Commissioner of Central Excise, Delhi-III Vs. Hitkari Fibres Ltd. [(2015) 61 taxmann.com 419 (SC), SUPREME COURT OF INDIA]
Price-escalation which was not contemplated at or before time of removal, cannot form part of transaction value especially when there is no allegation of understatement of value - Duty is payable at place, price and time of clearance of goods
The Assessee cleared non-woven carpets to Maruti Udyog Limited (“Maruti”), paying duty based on invoice price. On inquiry from Maruti, the Department found that assessee had received additional amount on account of price escalation and therefore, raised demand of duty thereon. The Tribunal held that duty is payable at 'price' at time/ place of removal and since price escalation was not contemplated/ anticipated in sale contract/ agreement or purchase order, the same could not be added to value.

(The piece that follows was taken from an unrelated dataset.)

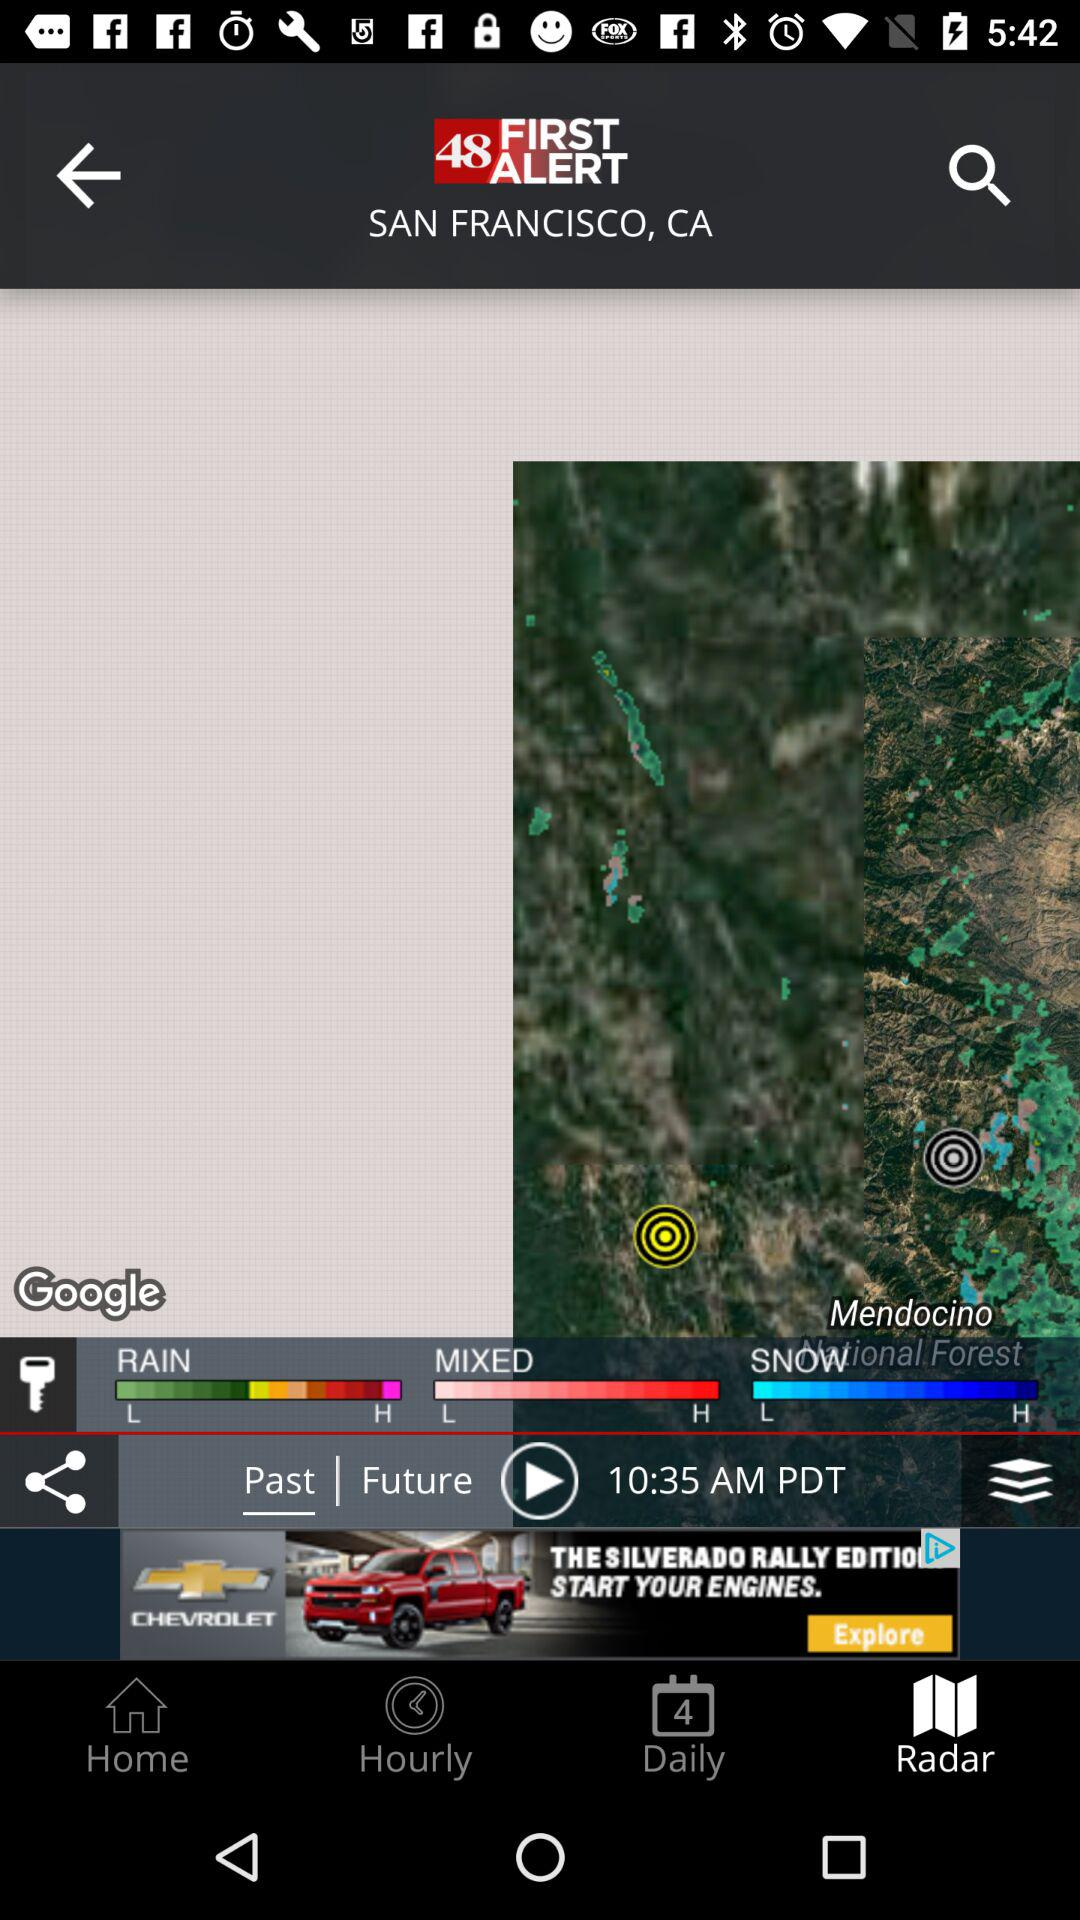How many time periods are available?
Answer the question using a single word or phrase. 3

The Hon’ble Supreme Court held that the duty is payable at place, price and time of clearance of goods. The Revenue could not find out from Maruti whether (a) under what circumstances such price escalation was given, (b) whether price was understated or depressed at time of clearance of goods and additional amount was received subsequently, by a suspicious kind of arrangement. In the absence of any such facts, aforesaid additional amount received at a subsequent stage cannot be added to arrive at transaction value.